The main part of the Full Line Code Completion is the model that is used to generate code suggestions. In our approach, the way to obtain the final model has several steps, including tokenization, constructing training examples, training the Transformer-based model, and then quantizing it.

III-C1 Tokenization

In FLCC, we use Transformer-based models for the source code, so we chose to use the byte-pair encoding (BPE) [30] as a standard approach for such models [14, 15, 24].

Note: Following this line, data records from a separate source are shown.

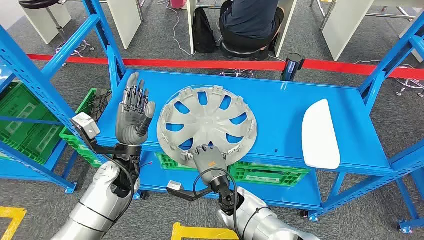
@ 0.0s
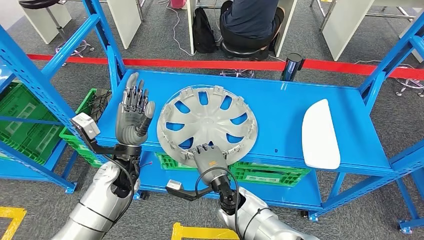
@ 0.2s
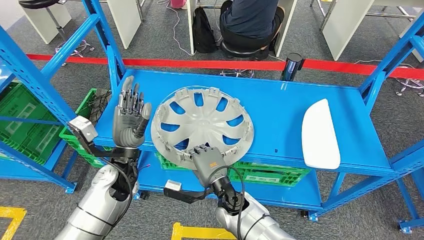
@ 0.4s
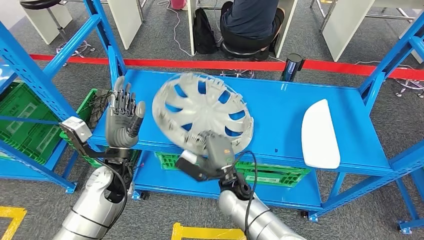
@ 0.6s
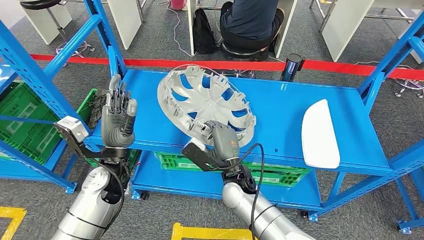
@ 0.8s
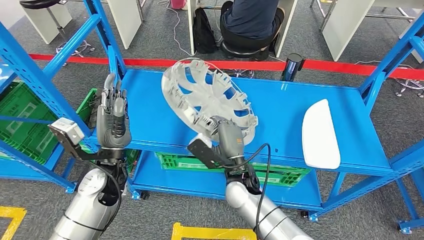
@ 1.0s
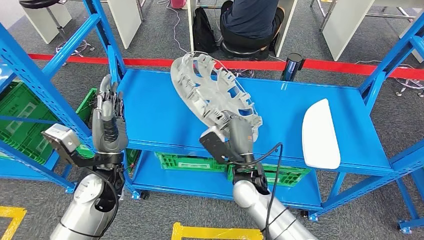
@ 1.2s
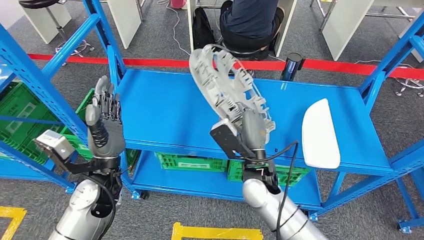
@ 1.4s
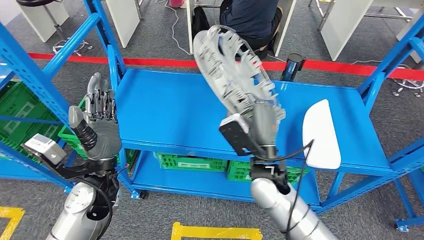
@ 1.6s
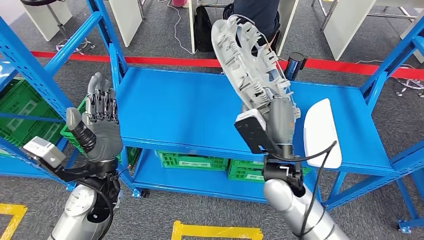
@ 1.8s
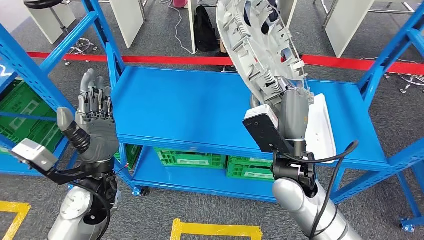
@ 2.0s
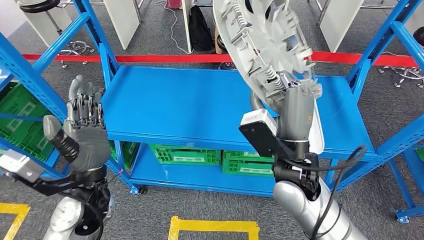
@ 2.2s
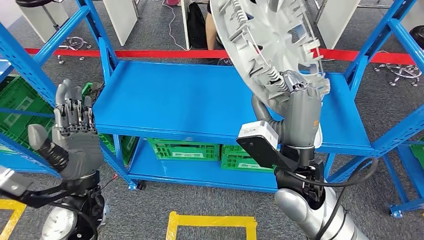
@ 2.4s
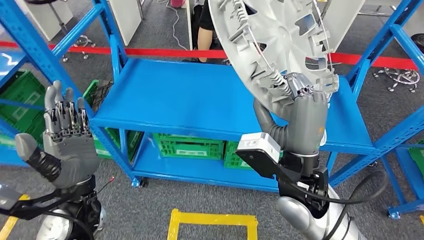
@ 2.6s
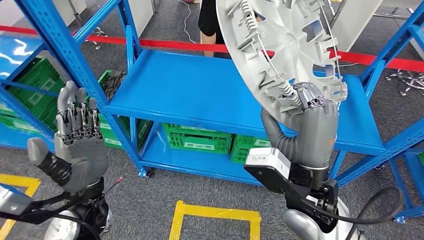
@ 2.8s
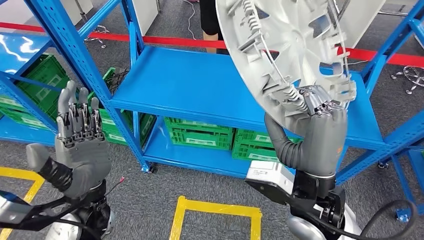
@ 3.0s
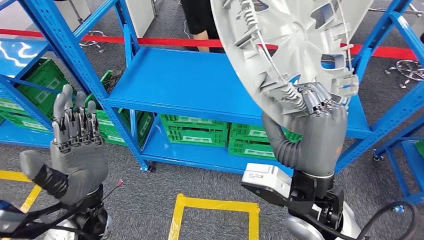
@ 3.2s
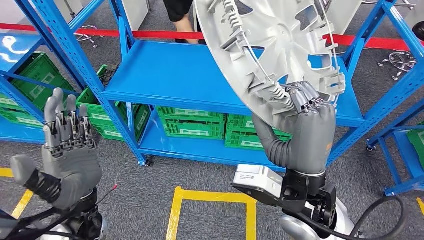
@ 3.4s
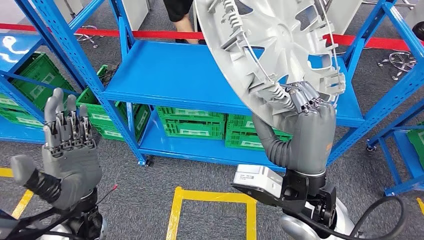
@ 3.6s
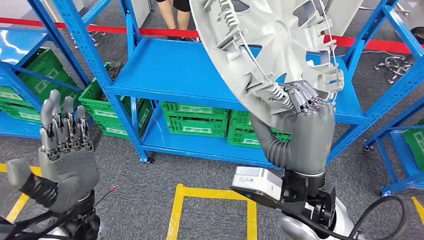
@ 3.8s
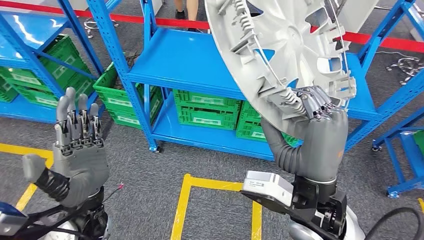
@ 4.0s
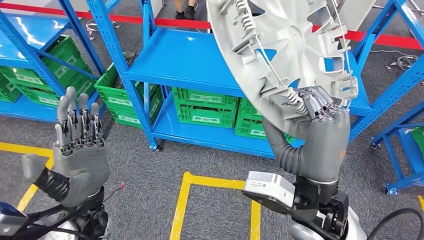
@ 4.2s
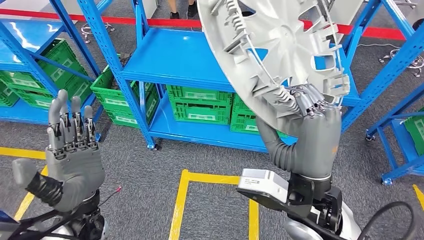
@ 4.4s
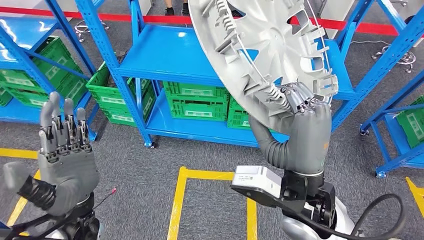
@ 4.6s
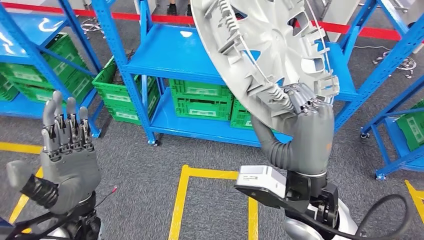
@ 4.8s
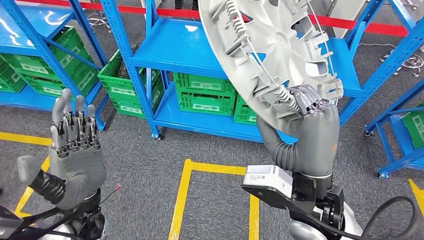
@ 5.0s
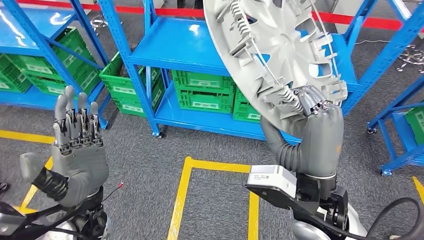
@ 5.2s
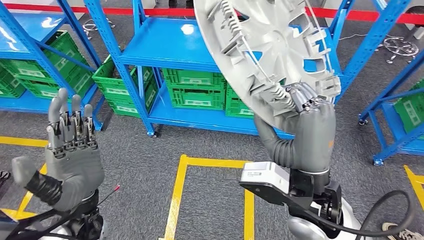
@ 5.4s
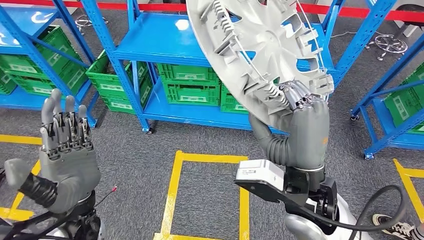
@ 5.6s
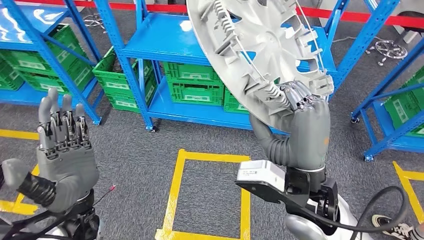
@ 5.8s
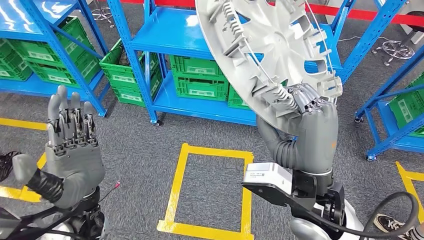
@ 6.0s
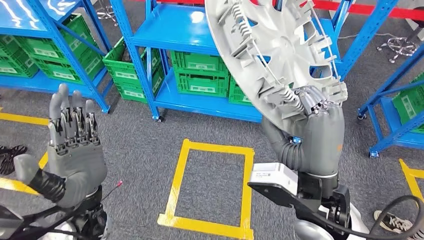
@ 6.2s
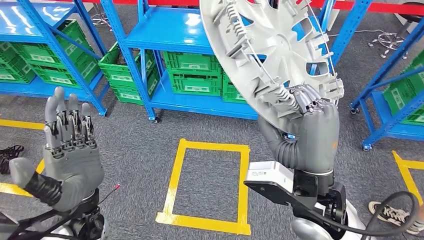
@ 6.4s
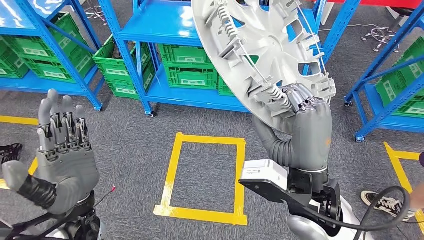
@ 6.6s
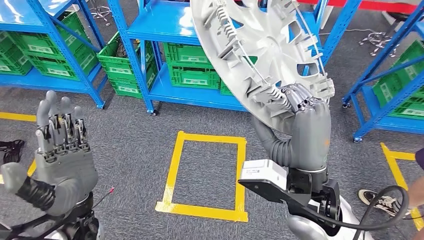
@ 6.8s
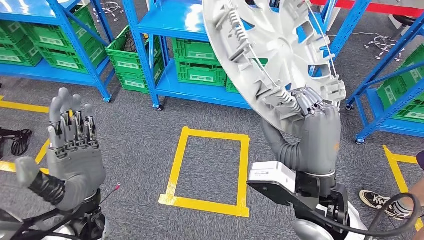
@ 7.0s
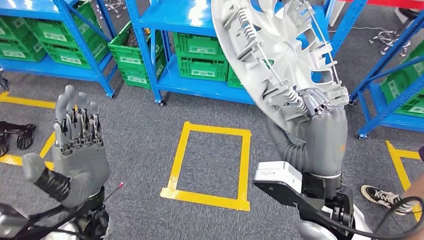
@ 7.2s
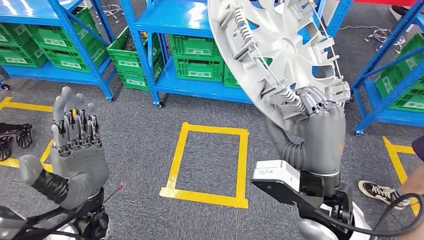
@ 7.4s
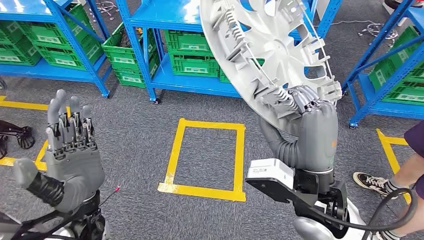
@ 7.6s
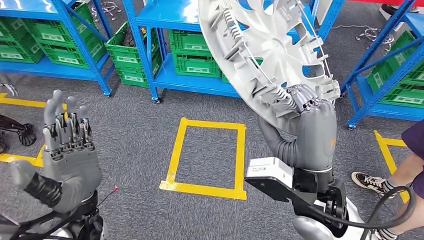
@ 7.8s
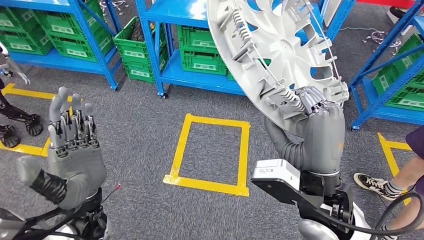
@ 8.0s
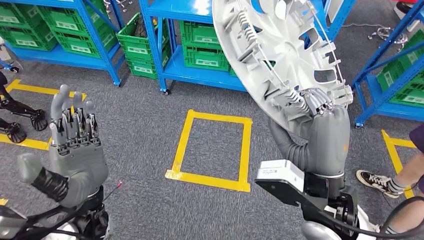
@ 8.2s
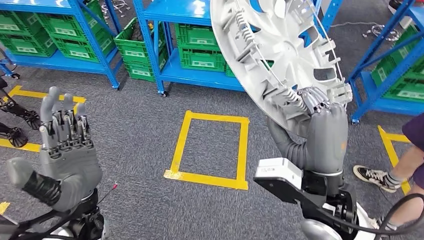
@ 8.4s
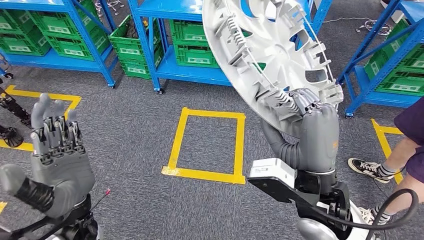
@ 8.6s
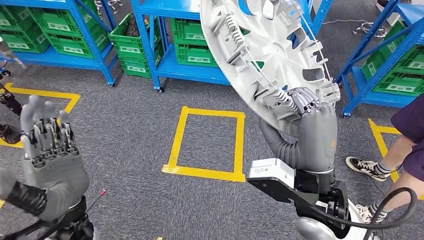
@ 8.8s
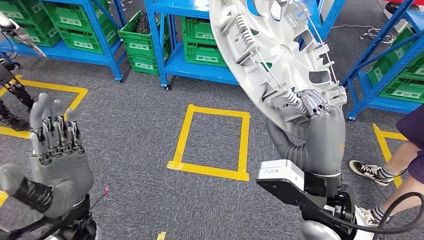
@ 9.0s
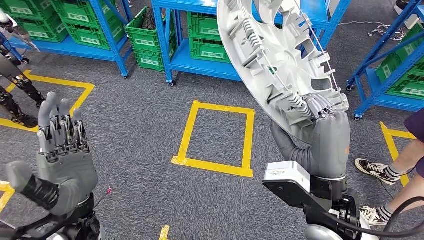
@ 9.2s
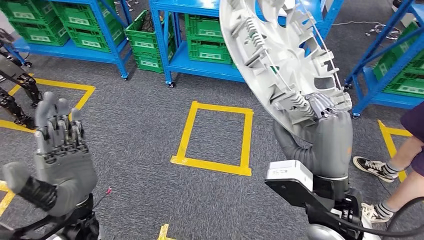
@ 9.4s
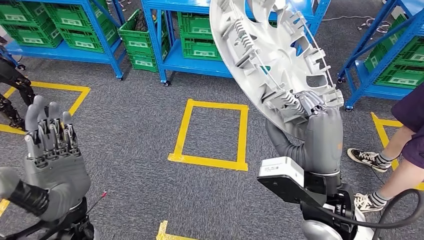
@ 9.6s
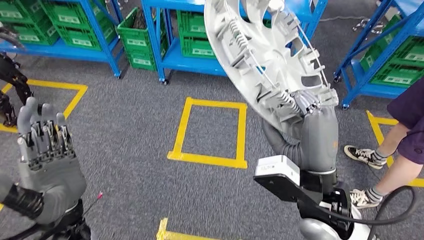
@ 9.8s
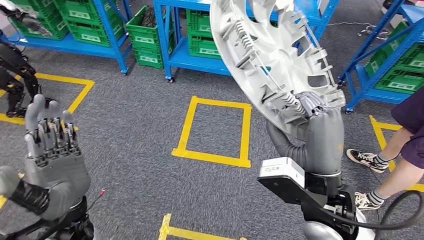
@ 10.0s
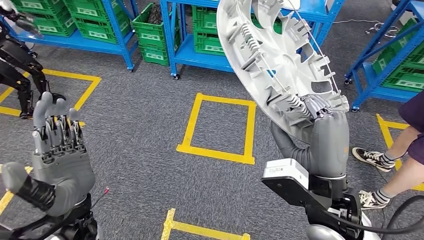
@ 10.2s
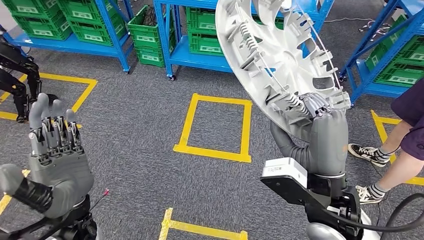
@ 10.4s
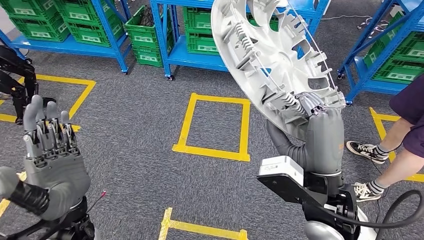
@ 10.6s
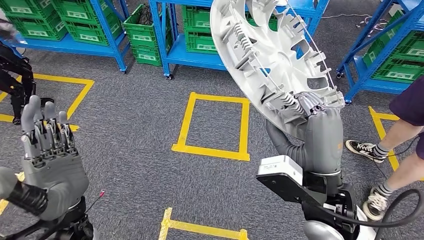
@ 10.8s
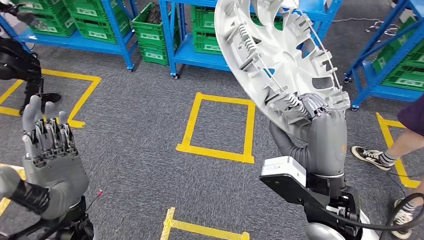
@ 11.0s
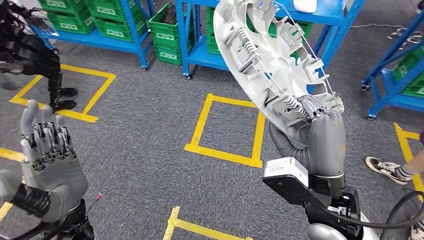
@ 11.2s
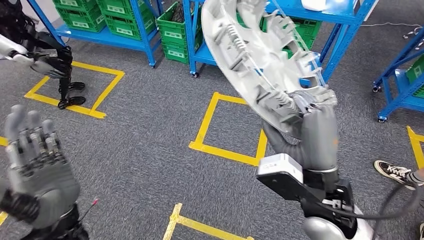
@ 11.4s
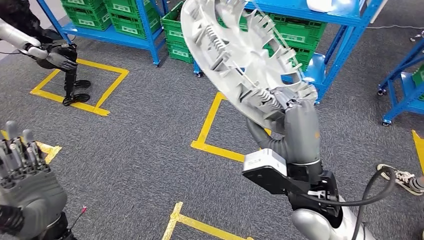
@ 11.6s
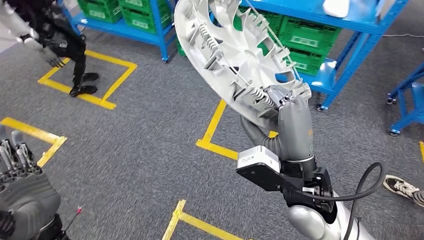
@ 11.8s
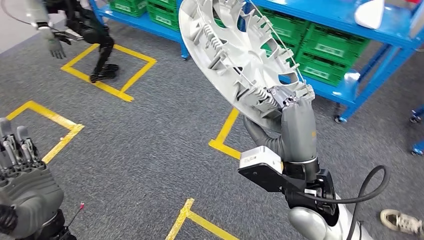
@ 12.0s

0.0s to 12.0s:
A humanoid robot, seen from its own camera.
Step, 0.0s to 5.8s: Pick up the small component from the shelf.

Character-pair encoding. The traditional BPE is supposed to be used for bytes directly, so it is applicable to all languages if we choose an encoding like UTF-8. However, we decided to use character-pair encoding with slight modifications. Compared to natural language texts, source code primarily consists of common statements or sequences of more than one token [50]. Some good examples of such recurring “idioms” in Python are the following:

  • for i in range(

  • return True

  • if __name__ == "__main__":

Thus, in our approach, we implement character-pair encoding on top of the YouTokenToMe (YTTM) library [51], allowing to merge pairs over tabs and spaces but forbidding merges over the newline (\n). This approach allows us to create better representations of the lines in the source code and compress it more efficiently. This becomes significantly important when generating full lines of code because a full line then requires fewer tokens, hence leading to less computational time spent on executing the model. A similar approach is used by Meta Research for the Incoder model [27].

Insight 4: To compress the code better, we can augment the default byte-pair encoding to be character-pair, as well as allow the merging of tokens over the spaces and tabs. This way, recurring idioms become single tokens and can be generated more easily.

We chose the vocabulary size of 16,384 tokens because it allows for a decent model quality while maintaining an acceptable memory footprint: for our sizes of models, a significant part of the model’s weights depends on the vocabulary size.

Cleaning vocabulary. After the initial experiments with tokenization, we observed an important peculiarity of the obtained tokens that had to be dealt with. For a vocabulary of 16,384 tokens, as many as 800 tokens consisted of characters from various languages, mostly Chinese, but also Japanese, Korean, Arabic, and others. Since there are no comments in the dataset, these characters came from string literals and are not suited for code generation. This observation led us to force only ASCII symbols to be used for the vocabulary while leaving other symbols as <UNK> tokens and merging sequences of them into a single <UNK> token.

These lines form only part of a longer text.